Ethan sat back, cold creeping up his spine. Either Cassian hadn't aged a day in a decade, or this was one hell of a trick. Or—and this was the worst option—everything Cassian said was true.

He shut the laptop. His mind spun.

Before he could make sense of anything, a sharp knock rattled his door.

Not a neighbor. No one here knocked.

Ethan stood slowly, his hand drifting to the drawer beneath the sink. A compact blade—nothing dramatic, but effective.

Another knock.

He moved quietly, pressing his back to the wall beside the door. "Who is it?"

Silence.

Then a voice. Female. Steady.

"I have something for you, Mr. Alden."

He didn't like that name. Not in her mouth.

"Slide it under the door," he said.

A pause. Then the edge of a thick, cream-colored envelope pushed through the gap.

Ethan waited a beat before picking it up. Heavy. Real. Embossed seal on the flap—a symbol he recognized from the photo with his father: a lion with wings, encircled by the Latin phrase "Fiat Lux in Tenebris."

Let there be light in darkness.

He opened it carefully. Inside, a single sheet of black cardstock, and a line in gold ink:

"You are being hunted. The safehouse at 41st and Grove has been compromised. Move. Now."

No signature.

He cursed under his breath and turned to grab his gear, but the window exploded inward.

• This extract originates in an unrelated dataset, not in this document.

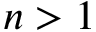Convert formula to latex. <formula><loc_0><loc_0><loc_500><loc_500>n > 1</formula> 
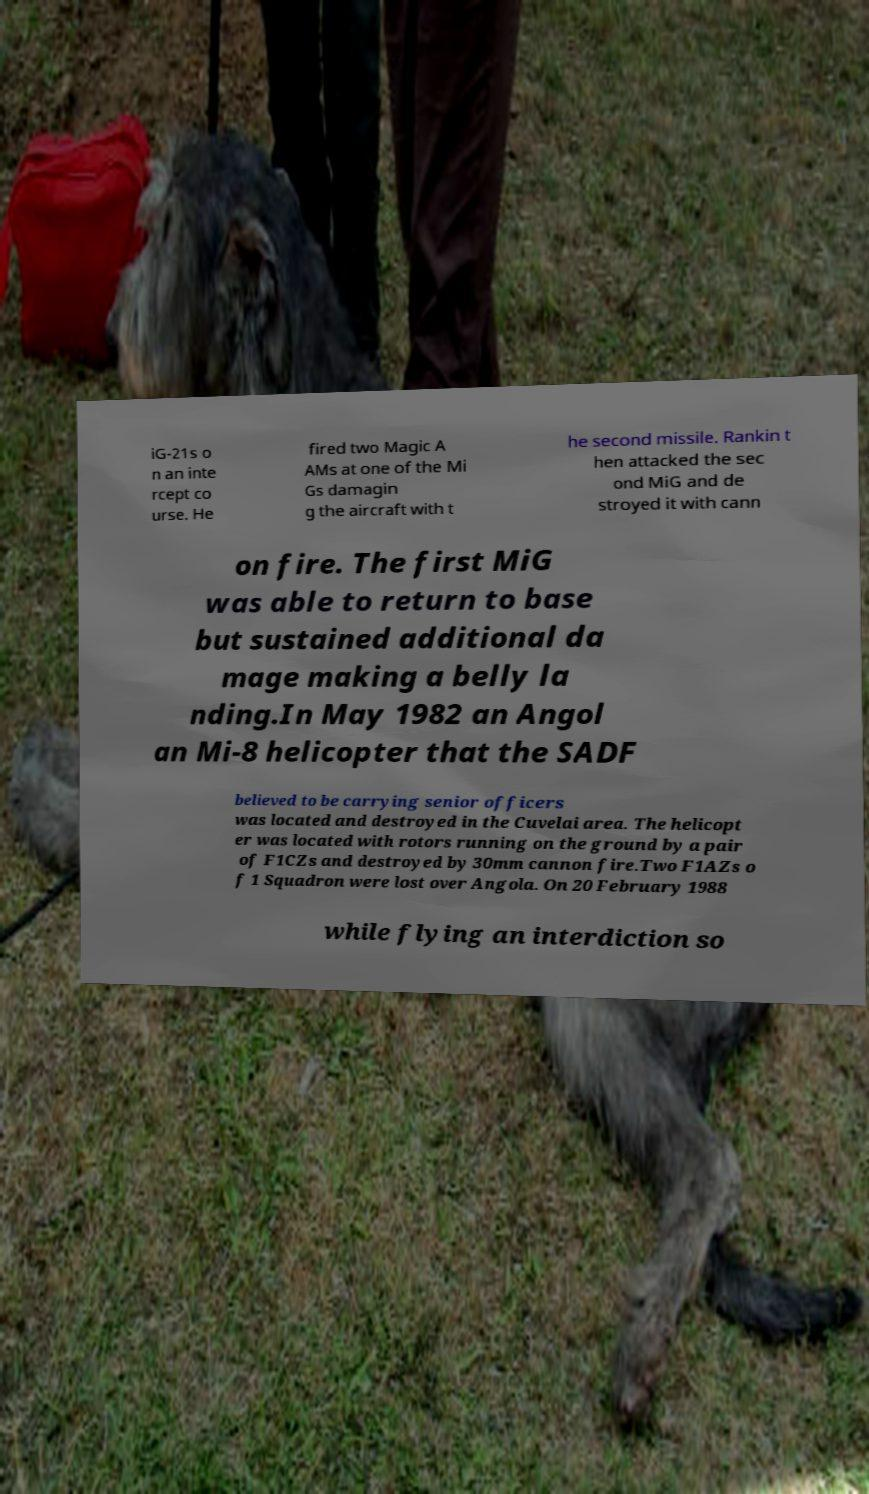For documentation purposes, I need the text within this image transcribed. Could you provide that? iG-21s o n an inte rcept co urse. He fired two Magic A AMs at one of the Mi Gs damagin g the aircraft with t he second missile. Rankin t hen attacked the sec ond MiG and de stroyed it with cann on fire. The first MiG was able to return to base but sustained additional da mage making a belly la nding.In May 1982 an Angol an Mi-8 helicopter that the SADF believed to be carrying senior officers was located and destroyed in the Cuvelai area. The helicopt er was located with rotors running on the ground by a pair of F1CZs and destroyed by 30mm cannon fire.Two F1AZs o f 1 Squadron were lost over Angola. On 20 February 1988 while flying an interdiction so

Glass rained across the floor. A dark figure dropped in with surgical precision, dressed in black from head to toe, rifle swinging.

Ethan didn't hesitate.

He flung the kitchen chair into the intruder's knees, grabbed the blade from the drawer, and slashed upward. The attacker deflected, fast, but not fast enough. Ethan caught his forearm, twisted, kicked him back against the counter.

Gunfire ripped through the silence. The attacker fired wide, tearing through plaster and smoke.

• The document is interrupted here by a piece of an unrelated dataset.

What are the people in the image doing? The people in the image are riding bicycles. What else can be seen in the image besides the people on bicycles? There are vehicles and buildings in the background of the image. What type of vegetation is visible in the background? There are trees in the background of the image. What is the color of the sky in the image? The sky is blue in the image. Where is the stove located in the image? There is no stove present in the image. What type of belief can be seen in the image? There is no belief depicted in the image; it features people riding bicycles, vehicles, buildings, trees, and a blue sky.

Ethan rolled low, grabbed the flash drive, and dove for the hallway. More footsteps echoed from the stairwell.

"Damn it," he hissed.

He burst into the hallway, turned right—and stopped.

Cassian.

Standing at the end of the hall like he'd been waiting the whole time.

"We need to go," he said simply.

"You followed me here?"

"They followed you. I followed them. Big difference."

Ethan didn't argue. Not now. He sprinted past him, down the emergency stairs.

Outside, a black SUV roared to life, its back door open. Ethan jumped in, Cassian close behind. Tires screeched. Bullets sparked off the trunk as they vanished into the night.

Inside the vehicle, breath ragged, Ethan looked at Cassian.

"Who are they?"

"People who don't want you alive long enough to ask that question."

"Why now? Why tonight?"

Cassian glanced out the window. "Because someone inside our circle betrayed us. Your location was leaked."

"Our circle?"

"You'll understand soon."

Ethan clenched his fists. "I don't like being dragged into other people's wars."

Cassian finally looked at him, eyes sharp.

"It stopped being someone else's war the moment they broke into your apartment."